The Democrats have been busy making statements about how not only the American public is fed up with Iraq, but so are America’s troops.  Yet it turns out that the only poll done of the troops’ opinions about the war, a Military Times effort much-touted by liberals, doesn’t quite support the left’s contentions.

Almost in passing, Sen. James Webb, Virginia Democrat, dropped what was intended to be a bombshell about the state of the American soldier in Iraq last Tuesday evening as he delivered his response to President Bush’s State of the Union address. Not only do the majority of Americans no longer support the way the war in Iraq is being fought, the terse and pro-withdrawal Mr.
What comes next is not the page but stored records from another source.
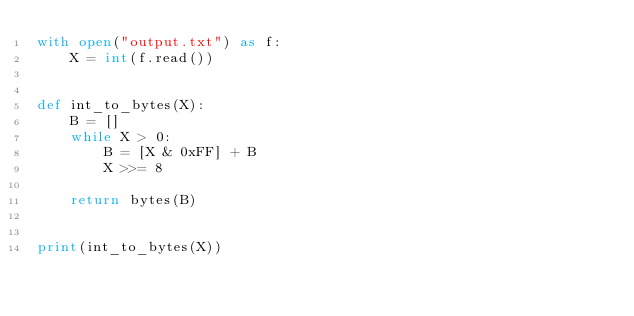<code> <loc_0><loc_0><loc_500><loc_500><_Python_>with open("output.txt") as f:
    X = int(f.read())


def int_to_bytes(X):
    B = []
    while X > 0:
        B = [X & 0xFF] + B
        X >>= 8

    return bytes(B)


print(int_to_bytes(X))
</code>

Webb told millions of viewers, but now, he said, “the majority of our military” also does not support the war.

The first half of that statement is true; poll after poll shows that the public now opposes the war in Iraq. But the latter half is at best a contortion of the evidence and quite possibly the opposite of the truth. The question of military support for the president’s war policies is a fascinating one, not least because service members are the people with the best firsthand knowledge of the war’s day-to-day conduct. They should know better than others what has worked and what hasn’t, what is likely to succeed and what isn’t. As befits a political speech delivered for high political effect, Mr. Webb has not done the subject justice.
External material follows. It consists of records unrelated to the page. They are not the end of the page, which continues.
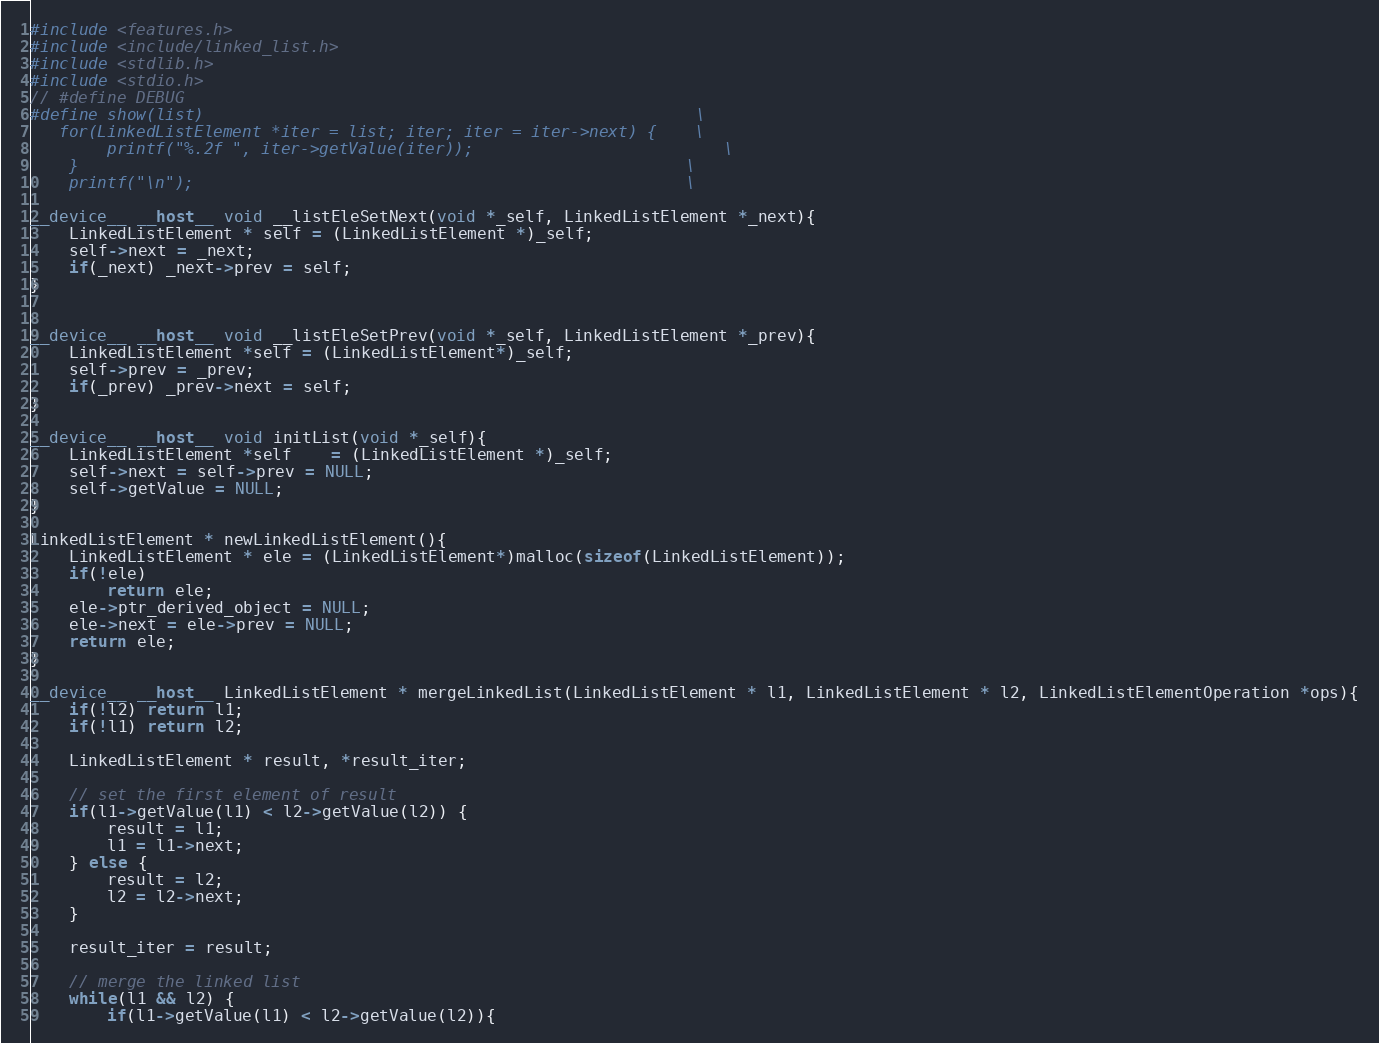Convert code to text. <code><loc_0><loc_0><loc_500><loc_500><_Cuda_>#include <features.h>
#include <include/linked_list.h>
#include <stdlib.h>
#include <stdio.h>
// #define DEBUG
#define show(list) 													\
   for(LinkedListElement *iter = list; iter; iter = iter->next) {    \
		printf("%.2f ", iter->getValue(iter));  						\
	}  																\
	printf("\n"); 													\

__device__ __host__ void __listEleSetNext(void *_self, LinkedListElement *_next){
	LinkedListElement * self = (LinkedListElement *)_self;	
	self->next = _next;
	if(_next) _next->prev = self;
}


__device__ __host__ void __listEleSetPrev(void *_self, LinkedListElement *_prev){
	LinkedListElement *self = (LinkedListElement*)_self;
	self->prev = _prev;
	if(_prev) _prev->next = self;
}

__device__ __host__ void initList(void *_self){
	LinkedListElement *self	= (LinkedListElement *)_self;
	self->next = self->prev = NULL;
	self->getValue = NULL;
}

LinkedListElement * newLinkedListElement(){
	LinkedListElement * ele = (LinkedListElement*)malloc(sizeof(LinkedListElement));
	if(!ele)
		return ele;
	ele->ptr_derived_object = NULL;
    ele->next = ele->prev = NULL;
	return ele;
}

__device__ __host__ LinkedListElement * mergeLinkedList(LinkedListElement * l1, LinkedListElement * l2, LinkedListElementOperation *ops){
	if(!l2) return l1;
	if(!l1) return l2;

	LinkedListElement * result, *result_iter;
	
	// set the first element of result
	if(l1->getValue(l1) < l2->getValue(l2)) {
		result = l1;
		l1 = l1->next;
	} else {
		result = l2;
		l2 = l2->next;
	}
	
	result_iter = result;
	
	// merge the linked list
	while(l1 && l2) {
		if(l1->getValue(l1) < l2->getValue(l2)){</code>

The only non-anecdotal publicly available evidence for Mr. Webb’s case is a December poll of Military Times readers which shows that only 35 percent of readers support the president’s handling of the war, as opposed to 42 percent opposed. That’s down from 63 percent in favor in 2004 (in a poll which the editors stress “should not be read as representative of the military as a whole"). Interestingly, though, the seeming anti-war majority consists at least in part of people who think that President Bush has not been aggressive enough. Nearly half of this December poll’s respondents thought that the United States needed more troops in Iraq. That’s nearly half who want a deeper American commitment, not a withdrawal. How ironic for Mr. Webb, who tried to claim the troops for his own pro-withdrawal platform last week.
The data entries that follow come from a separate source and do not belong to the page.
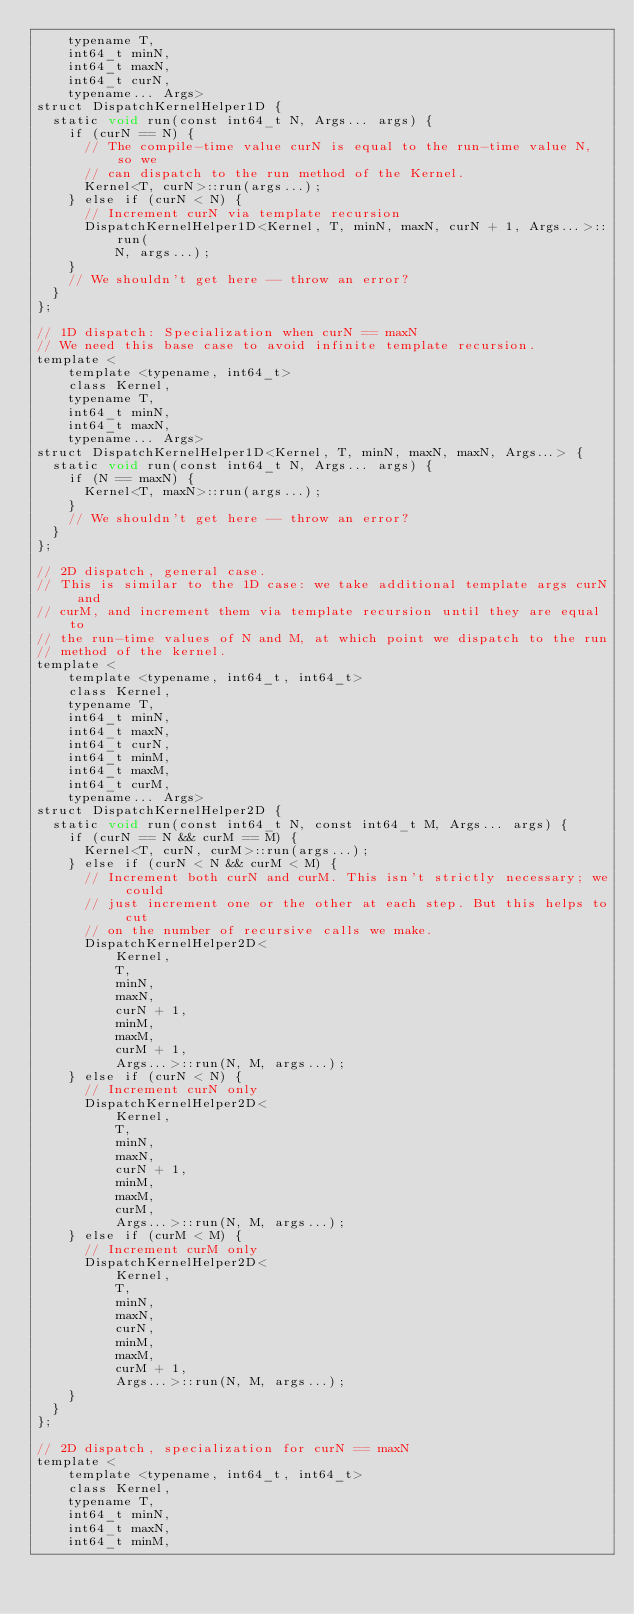Convert code to text. <code><loc_0><loc_0><loc_500><loc_500><_Cuda_>    typename T,
    int64_t minN,
    int64_t maxN,
    int64_t curN,
    typename... Args>
struct DispatchKernelHelper1D {
  static void run(const int64_t N, Args... args) {
    if (curN == N) {
      // The compile-time value curN is equal to the run-time value N, so we
      // can dispatch to the run method of the Kernel.
      Kernel<T, curN>::run(args...);
    } else if (curN < N) {
      // Increment curN via template recursion
      DispatchKernelHelper1D<Kernel, T, minN, maxN, curN + 1, Args...>::run(
          N, args...);
    }
    // We shouldn't get here -- throw an error?
  }
};

// 1D dispatch: Specialization when curN == maxN
// We need this base case to avoid infinite template recursion.
template <
    template <typename, int64_t>
    class Kernel,
    typename T,
    int64_t minN,
    int64_t maxN,
    typename... Args>
struct DispatchKernelHelper1D<Kernel, T, minN, maxN, maxN, Args...> {
  static void run(const int64_t N, Args... args) {
    if (N == maxN) {
      Kernel<T, maxN>::run(args...);
    }
    // We shouldn't get here -- throw an error?
  }
};

// 2D dispatch, general case.
// This is similar to the 1D case: we take additional template args curN and
// curM, and increment them via template recursion until they are equal to
// the run-time values of N and M, at which point we dispatch to the run
// method of the kernel.
template <
    template <typename, int64_t, int64_t>
    class Kernel,
    typename T,
    int64_t minN,
    int64_t maxN,
    int64_t curN,
    int64_t minM,
    int64_t maxM,
    int64_t curM,
    typename... Args>
struct DispatchKernelHelper2D {
  static void run(const int64_t N, const int64_t M, Args... args) {
    if (curN == N && curM == M) {
      Kernel<T, curN, curM>::run(args...);
    } else if (curN < N && curM < M) {
      // Increment both curN and curM. This isn't strictly necessary; we could
      // just increment one or the other at each step. But this helps to cut
      // on the number of recursive calls we make.
      DispatchKernelHelper2D<
          Kernel,
          T,
          minN,
          maxN,
          curN + 1,
          minM,
          maxM,
          curM + 1,
          Args...>::run(N, M, args...);
    } else if (curN < N) {
      // Increment curN only
      DispatchKernelHelper2D<
          Kernel,
          T,
          minN,
          maxN,
          curN + 1,
          minM,
          maxM,
          curM,
          Args...>::run(N, M, args...);
    } else if (curM < M) {
      // Increment curM only
      DispatchKernelHelper2D<
          Kernel,
          T,
          minN,
          maxN,
          curN,
          minM,
          maxM,
          curM + 1,
          Args...>::run(N, M, args...);
    }
  }
};

// 2D dispatch, specialization for curN == maxN
template <
    template <typename, int64_t, int64_t>
    class Kernel,
    typename T,
    int64_t minN,
    int64_t maxN,
    int64_t minM,</code>

So yeah, the Military Times poll indicates that the troops don’t necessarily agree with the President’s policies in Iraq.  But a lot of them disagree with it not because they think we can’t win or that we should give up and withdraw (as the Dems would suggest) but rather because they feel we aren’t committed enough in Iraq.

Which is pretty much the polar opposite of the Democrat position.

Shame on Webb and the Democrats for this blatant, and clearly knowing misrepresentation.